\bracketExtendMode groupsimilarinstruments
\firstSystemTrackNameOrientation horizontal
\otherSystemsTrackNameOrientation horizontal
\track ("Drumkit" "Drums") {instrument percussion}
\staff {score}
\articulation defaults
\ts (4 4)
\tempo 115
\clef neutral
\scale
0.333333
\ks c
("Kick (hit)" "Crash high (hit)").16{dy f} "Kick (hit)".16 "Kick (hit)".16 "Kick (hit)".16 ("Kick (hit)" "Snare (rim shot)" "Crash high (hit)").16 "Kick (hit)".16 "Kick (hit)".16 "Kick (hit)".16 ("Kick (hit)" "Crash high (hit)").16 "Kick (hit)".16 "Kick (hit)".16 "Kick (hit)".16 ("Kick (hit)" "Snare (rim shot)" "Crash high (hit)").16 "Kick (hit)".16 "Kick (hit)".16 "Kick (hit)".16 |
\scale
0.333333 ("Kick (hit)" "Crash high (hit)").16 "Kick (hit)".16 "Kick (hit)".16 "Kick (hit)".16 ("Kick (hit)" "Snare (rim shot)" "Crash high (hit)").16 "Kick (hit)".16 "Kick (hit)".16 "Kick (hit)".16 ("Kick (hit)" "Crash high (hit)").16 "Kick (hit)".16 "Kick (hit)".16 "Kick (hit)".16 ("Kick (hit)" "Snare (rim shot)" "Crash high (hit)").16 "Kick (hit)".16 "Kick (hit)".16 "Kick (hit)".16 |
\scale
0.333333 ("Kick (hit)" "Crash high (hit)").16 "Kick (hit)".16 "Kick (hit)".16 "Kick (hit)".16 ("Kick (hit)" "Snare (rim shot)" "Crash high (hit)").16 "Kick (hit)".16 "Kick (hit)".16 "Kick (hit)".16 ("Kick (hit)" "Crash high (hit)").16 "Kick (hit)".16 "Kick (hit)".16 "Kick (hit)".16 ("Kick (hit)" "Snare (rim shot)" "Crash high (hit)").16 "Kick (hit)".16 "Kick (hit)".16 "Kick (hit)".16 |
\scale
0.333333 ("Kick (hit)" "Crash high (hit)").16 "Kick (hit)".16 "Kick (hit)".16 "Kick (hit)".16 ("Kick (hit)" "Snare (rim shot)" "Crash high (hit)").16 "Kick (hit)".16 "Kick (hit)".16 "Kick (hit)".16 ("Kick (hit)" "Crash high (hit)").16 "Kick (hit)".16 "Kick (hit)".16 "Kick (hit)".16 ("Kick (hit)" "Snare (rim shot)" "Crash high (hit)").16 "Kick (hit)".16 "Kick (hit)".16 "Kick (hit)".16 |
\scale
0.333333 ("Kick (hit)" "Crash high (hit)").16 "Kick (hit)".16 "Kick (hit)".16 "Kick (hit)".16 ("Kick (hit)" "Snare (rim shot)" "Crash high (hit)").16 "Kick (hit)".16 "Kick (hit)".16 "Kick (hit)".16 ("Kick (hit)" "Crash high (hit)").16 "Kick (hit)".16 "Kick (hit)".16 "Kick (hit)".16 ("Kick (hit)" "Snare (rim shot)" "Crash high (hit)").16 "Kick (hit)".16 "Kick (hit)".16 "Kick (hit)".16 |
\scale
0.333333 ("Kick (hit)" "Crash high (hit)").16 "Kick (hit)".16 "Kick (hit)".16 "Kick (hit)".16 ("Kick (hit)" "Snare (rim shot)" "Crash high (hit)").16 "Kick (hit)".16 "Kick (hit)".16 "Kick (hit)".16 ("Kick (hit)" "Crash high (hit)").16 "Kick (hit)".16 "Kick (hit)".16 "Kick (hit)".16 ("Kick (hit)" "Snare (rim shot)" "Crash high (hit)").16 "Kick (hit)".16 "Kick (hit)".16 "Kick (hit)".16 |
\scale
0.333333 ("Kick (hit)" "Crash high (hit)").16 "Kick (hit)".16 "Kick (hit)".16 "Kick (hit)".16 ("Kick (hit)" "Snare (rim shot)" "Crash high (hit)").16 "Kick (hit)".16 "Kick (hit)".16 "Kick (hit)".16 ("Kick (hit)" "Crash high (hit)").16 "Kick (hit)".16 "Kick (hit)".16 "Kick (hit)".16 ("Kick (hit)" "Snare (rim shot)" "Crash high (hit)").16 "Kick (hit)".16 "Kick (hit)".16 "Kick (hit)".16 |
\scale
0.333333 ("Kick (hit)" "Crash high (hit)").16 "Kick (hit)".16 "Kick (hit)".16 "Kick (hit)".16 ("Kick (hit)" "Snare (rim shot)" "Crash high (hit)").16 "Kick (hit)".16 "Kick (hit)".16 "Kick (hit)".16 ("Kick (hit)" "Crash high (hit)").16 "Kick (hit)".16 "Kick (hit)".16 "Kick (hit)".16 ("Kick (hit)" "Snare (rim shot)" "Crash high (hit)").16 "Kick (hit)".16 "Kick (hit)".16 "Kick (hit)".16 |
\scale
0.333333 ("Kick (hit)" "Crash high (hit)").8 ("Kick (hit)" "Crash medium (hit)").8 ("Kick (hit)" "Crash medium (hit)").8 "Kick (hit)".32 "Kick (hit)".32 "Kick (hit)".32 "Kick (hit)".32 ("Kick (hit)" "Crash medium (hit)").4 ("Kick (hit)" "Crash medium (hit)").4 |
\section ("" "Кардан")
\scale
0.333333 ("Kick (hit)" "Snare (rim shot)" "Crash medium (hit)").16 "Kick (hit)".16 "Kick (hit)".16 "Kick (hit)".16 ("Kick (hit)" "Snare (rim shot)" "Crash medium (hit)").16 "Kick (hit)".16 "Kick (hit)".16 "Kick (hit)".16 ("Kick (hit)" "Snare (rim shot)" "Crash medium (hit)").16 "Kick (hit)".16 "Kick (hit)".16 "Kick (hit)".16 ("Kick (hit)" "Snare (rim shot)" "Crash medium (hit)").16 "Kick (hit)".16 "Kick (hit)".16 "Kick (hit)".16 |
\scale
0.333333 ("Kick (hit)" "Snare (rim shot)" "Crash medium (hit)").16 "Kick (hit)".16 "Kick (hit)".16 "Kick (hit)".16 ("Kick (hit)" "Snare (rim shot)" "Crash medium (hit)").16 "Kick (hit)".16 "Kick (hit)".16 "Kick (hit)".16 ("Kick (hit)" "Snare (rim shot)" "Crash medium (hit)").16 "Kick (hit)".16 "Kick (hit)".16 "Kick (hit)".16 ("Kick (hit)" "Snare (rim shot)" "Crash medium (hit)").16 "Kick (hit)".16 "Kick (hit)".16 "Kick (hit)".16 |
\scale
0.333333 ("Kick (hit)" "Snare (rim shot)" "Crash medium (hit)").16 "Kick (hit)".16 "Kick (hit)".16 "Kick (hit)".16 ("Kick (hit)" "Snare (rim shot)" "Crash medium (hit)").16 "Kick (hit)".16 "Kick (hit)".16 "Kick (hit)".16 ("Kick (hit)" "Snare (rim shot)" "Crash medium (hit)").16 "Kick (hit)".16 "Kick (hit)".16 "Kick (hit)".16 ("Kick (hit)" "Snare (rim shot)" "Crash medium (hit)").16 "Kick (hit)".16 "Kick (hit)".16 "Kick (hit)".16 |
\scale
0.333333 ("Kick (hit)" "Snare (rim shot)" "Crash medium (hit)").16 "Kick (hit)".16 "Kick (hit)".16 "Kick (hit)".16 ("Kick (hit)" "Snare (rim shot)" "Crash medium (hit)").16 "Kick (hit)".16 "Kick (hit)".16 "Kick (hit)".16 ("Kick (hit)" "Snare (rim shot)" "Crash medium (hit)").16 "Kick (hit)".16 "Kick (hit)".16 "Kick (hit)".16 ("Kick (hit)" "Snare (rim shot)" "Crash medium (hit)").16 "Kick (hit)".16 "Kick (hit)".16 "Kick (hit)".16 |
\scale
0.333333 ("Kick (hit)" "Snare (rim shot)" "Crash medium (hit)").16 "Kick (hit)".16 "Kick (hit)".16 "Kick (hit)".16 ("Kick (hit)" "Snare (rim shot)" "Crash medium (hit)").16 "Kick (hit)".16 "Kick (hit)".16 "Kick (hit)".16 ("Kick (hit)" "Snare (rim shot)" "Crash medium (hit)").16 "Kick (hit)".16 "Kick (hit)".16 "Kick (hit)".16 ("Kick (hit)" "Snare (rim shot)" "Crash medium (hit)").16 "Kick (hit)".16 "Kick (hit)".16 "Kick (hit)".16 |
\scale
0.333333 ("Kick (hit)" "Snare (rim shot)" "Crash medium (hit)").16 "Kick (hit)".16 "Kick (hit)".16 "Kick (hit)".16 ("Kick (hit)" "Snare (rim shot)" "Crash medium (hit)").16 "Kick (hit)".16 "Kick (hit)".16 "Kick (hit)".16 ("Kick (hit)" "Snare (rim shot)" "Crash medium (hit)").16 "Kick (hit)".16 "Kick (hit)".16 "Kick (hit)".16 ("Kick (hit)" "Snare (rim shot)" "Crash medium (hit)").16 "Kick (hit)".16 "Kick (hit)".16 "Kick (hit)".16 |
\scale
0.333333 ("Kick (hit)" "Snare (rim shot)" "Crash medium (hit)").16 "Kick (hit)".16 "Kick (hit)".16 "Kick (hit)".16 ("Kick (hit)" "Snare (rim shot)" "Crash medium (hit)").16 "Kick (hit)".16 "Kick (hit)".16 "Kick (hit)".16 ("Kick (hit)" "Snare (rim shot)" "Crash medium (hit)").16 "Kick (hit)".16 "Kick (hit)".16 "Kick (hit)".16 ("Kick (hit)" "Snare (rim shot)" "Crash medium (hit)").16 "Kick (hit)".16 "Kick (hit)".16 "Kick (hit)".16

---

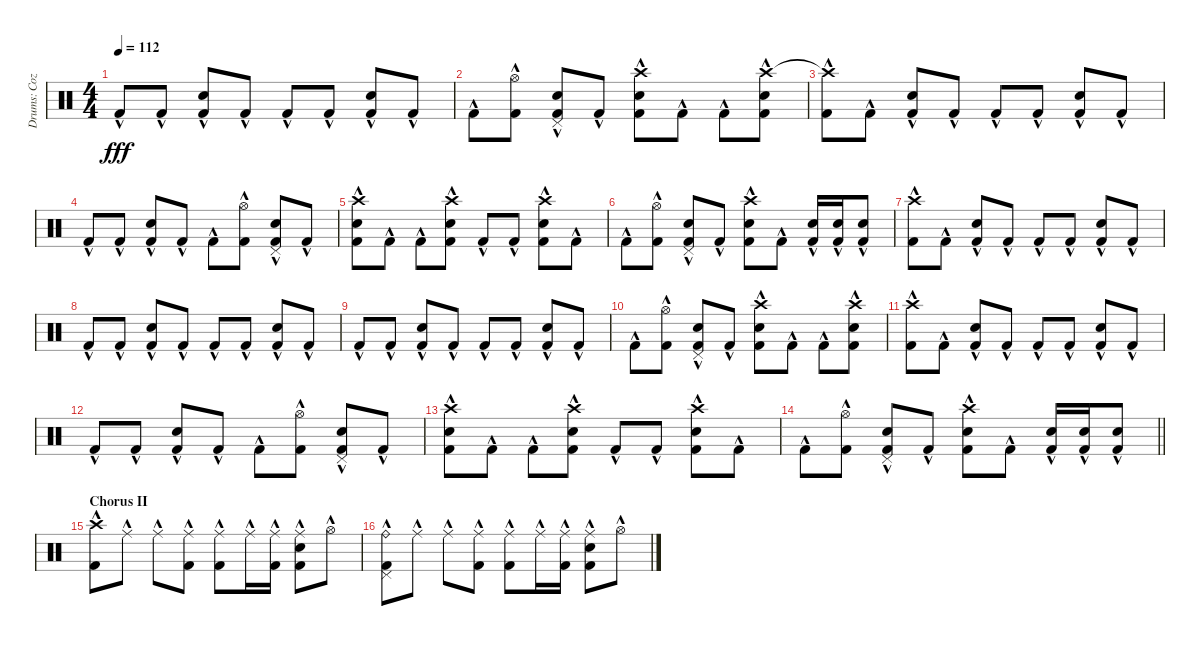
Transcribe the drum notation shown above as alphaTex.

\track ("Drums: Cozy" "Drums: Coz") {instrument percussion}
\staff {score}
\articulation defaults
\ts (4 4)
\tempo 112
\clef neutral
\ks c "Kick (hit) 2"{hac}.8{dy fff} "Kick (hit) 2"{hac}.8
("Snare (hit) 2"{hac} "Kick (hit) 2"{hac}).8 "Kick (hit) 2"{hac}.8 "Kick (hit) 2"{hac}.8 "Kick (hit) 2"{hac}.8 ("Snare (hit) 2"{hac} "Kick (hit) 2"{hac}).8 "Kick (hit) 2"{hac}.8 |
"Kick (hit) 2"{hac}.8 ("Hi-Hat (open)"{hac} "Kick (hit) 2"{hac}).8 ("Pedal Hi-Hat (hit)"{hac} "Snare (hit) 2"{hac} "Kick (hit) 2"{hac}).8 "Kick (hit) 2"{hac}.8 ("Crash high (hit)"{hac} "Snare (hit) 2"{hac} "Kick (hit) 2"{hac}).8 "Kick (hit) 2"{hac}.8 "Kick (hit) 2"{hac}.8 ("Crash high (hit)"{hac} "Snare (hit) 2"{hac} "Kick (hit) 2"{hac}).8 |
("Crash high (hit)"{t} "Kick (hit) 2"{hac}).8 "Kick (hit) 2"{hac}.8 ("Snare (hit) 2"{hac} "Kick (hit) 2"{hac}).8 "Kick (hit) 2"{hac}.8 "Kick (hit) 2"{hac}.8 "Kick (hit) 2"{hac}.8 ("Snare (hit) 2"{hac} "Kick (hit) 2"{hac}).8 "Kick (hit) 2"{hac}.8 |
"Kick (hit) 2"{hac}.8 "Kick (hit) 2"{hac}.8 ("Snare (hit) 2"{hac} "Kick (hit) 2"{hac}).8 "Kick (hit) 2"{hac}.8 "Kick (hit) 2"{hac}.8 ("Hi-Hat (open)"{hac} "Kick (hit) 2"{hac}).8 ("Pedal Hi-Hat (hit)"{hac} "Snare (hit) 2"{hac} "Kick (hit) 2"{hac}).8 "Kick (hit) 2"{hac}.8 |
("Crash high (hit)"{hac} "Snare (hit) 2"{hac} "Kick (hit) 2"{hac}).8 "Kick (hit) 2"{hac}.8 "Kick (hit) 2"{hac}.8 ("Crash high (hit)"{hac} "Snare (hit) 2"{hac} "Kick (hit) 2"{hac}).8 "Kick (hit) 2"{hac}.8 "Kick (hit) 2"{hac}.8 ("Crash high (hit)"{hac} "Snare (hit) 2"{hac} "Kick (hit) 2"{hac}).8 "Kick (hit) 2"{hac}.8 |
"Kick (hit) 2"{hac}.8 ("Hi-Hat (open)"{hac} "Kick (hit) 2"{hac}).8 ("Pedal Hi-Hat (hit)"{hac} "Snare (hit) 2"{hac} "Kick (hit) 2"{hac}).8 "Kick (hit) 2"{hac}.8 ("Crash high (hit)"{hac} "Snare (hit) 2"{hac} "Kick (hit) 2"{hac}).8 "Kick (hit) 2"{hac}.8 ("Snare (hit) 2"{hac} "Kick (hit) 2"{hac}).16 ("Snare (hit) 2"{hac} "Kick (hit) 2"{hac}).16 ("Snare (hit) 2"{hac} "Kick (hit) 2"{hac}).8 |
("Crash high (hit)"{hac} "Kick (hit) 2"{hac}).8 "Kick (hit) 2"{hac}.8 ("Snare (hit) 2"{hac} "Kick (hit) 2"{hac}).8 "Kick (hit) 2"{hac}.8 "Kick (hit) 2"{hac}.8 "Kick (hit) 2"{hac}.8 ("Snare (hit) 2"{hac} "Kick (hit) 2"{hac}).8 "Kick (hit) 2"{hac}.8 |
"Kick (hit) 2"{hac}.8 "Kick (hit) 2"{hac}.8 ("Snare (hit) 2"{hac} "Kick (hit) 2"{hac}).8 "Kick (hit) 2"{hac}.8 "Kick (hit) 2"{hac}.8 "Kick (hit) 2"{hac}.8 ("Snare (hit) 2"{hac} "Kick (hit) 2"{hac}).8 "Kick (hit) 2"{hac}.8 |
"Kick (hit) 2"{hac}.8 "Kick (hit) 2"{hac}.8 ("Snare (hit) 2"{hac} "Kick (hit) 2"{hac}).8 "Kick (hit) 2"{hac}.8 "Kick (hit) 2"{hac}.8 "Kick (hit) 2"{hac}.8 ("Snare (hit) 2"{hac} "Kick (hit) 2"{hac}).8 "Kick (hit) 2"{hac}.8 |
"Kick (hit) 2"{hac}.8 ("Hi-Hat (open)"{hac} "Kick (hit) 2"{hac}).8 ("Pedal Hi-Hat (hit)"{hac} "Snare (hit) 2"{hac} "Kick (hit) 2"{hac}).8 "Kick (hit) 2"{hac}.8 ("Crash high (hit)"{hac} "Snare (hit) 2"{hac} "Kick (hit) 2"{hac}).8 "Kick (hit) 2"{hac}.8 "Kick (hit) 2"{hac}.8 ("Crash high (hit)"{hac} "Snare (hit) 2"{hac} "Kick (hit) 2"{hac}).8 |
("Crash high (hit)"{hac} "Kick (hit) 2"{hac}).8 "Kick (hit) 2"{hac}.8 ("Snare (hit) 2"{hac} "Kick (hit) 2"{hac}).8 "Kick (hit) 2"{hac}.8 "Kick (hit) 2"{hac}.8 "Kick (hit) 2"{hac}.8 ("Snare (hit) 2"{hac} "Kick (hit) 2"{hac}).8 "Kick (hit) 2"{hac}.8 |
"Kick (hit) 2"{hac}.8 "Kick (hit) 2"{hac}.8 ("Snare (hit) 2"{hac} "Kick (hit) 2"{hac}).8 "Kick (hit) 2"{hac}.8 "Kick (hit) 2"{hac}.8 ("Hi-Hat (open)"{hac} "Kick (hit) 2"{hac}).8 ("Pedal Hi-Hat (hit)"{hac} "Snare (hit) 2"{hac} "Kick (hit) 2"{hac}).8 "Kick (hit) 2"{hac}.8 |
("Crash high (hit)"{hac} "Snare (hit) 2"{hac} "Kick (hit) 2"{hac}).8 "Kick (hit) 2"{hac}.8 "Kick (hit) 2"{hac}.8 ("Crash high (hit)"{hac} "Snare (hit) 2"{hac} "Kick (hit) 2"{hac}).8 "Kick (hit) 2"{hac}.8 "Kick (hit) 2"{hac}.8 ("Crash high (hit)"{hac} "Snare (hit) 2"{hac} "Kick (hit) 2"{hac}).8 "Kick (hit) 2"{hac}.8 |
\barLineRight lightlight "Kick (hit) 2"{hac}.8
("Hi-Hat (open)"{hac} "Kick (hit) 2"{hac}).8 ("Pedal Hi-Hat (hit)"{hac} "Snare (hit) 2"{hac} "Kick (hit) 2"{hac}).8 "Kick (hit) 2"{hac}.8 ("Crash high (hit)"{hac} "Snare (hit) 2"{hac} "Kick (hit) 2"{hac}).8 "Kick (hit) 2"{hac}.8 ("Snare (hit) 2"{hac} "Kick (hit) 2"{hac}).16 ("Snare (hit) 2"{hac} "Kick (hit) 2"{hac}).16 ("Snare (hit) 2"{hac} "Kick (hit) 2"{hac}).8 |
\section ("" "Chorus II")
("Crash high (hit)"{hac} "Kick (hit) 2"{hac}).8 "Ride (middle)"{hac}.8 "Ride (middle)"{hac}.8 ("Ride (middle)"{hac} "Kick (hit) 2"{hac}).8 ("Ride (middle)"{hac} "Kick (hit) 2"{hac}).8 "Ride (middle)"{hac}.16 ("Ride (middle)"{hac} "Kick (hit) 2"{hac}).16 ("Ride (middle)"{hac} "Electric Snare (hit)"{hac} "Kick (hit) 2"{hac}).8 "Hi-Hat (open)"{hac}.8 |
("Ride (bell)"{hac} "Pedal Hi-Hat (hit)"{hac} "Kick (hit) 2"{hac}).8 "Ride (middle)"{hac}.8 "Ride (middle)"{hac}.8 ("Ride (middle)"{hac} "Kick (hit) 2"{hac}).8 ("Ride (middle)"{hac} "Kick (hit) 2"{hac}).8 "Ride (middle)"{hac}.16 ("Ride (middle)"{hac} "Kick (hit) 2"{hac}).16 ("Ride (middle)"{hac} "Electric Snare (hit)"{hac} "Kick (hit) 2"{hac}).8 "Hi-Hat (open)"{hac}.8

* _What the task asks_
All lines of the records containing "horizontal" should be shown.

* _Written answer_
\firstSystemTrackNameOrientation horizontal
\otherSystemsTrackNameOrientation horizontal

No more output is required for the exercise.